Russia’s elections head teaching journalists to photograph a ballot box. Denis Sinyakov

Despite withering criticism for turning a blind eye to vote-rigging allegations, Russia's top elections official mentored photographers from leading media outlets Tuesday on how to take pictures at polling stations.

Vladimir Churov, head of the Central Elections Commission and an amateur photographer since the age of 4, warned against showing voters' documents and faces as well as voters marking their ballots inside the voting booth.

He also offered tips on taking scene shots at the voting precincts. His presentation was aided by some electoral props.

The ballot box was transparent, an innovation introduced for the upcoming presidential election as a means of preventing fraud.

"If a ray of sunlight falls at a certain angle on the semitransparent ballot box when it still has few ballot papers, we see a very rare optical phenomenon, very beautiful," Churov said, according to Interfax. "You can get an artistic shot."

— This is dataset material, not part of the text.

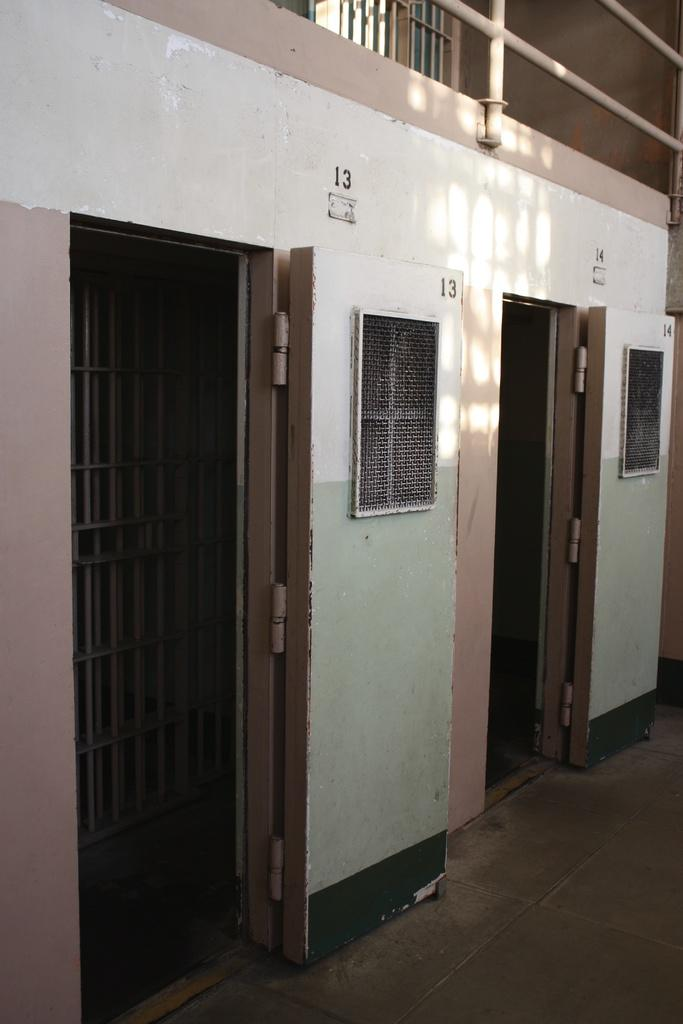What type of structures can be seen in the image? There are doors, a wall, and a fence in the image. Can you describe the doors in the image? The doors are part of the structures visible in the image. What else is present on the wall in the image? The provided facts do not mention any additional details about the wall. What type of honey is being used to paint the fence in the image? There is no honey present in the image, and the fence is not being painted.

Several media organizations, including state television's Channel One and NTV, posted videos of the class, which was held in the hall of the Central Elections Commission.

Apart from photography, Churov is keen on history, military history and the history of architecture.

He is not the only prominent Russian political figure who can skillfully wield a camera, however.

President Dmitry Medvedev and Sergei Yastrzhembsky, former aide to president Boris Yeltsin, have made photography their hobby.

A photo of the Tobolsk Kremlin taken by Medvedev on his personal camera was sold at a charity auction in St. Petersburg in January 2010 for 51 million rubles ($1.7 million).